◆ **Records to process**
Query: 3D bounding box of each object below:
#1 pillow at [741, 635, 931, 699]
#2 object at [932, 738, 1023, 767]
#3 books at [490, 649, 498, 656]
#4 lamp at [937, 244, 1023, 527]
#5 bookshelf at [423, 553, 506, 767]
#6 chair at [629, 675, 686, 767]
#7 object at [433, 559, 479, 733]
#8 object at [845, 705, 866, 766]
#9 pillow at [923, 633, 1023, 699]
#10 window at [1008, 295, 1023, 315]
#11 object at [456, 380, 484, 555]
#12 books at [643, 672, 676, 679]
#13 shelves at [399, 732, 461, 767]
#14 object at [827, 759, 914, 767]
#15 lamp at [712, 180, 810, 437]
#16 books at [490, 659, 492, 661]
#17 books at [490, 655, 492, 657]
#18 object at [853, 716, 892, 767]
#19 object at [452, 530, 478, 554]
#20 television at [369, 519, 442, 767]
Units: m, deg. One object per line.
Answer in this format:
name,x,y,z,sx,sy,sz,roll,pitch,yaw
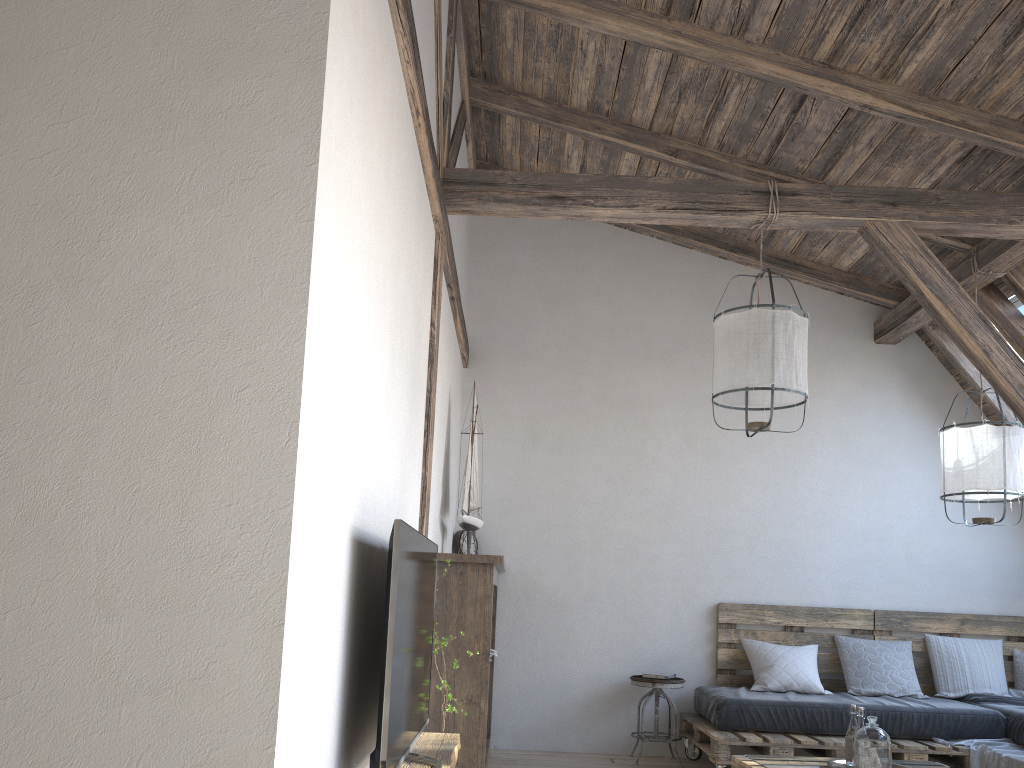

◆ **Problem description**
Only the lines from the beginning of the material to the line containing "#6 chair at [629, 675, 686, 767]" should be echoed, verbatim and in full.

◆ **Result for this task**
Query: 3D bounding box of each object below:
#1 pillow at [741, 635, 931, 699]
#2 object at [932, 738, 1023, 767]
#3 books at [490, 649, 498, 656]
#4 lamp at [937, 244, 1023, 527]
#5 bookshelf at [423, 553, 506, 767]
#6 chair at [629, 675, 686, 767]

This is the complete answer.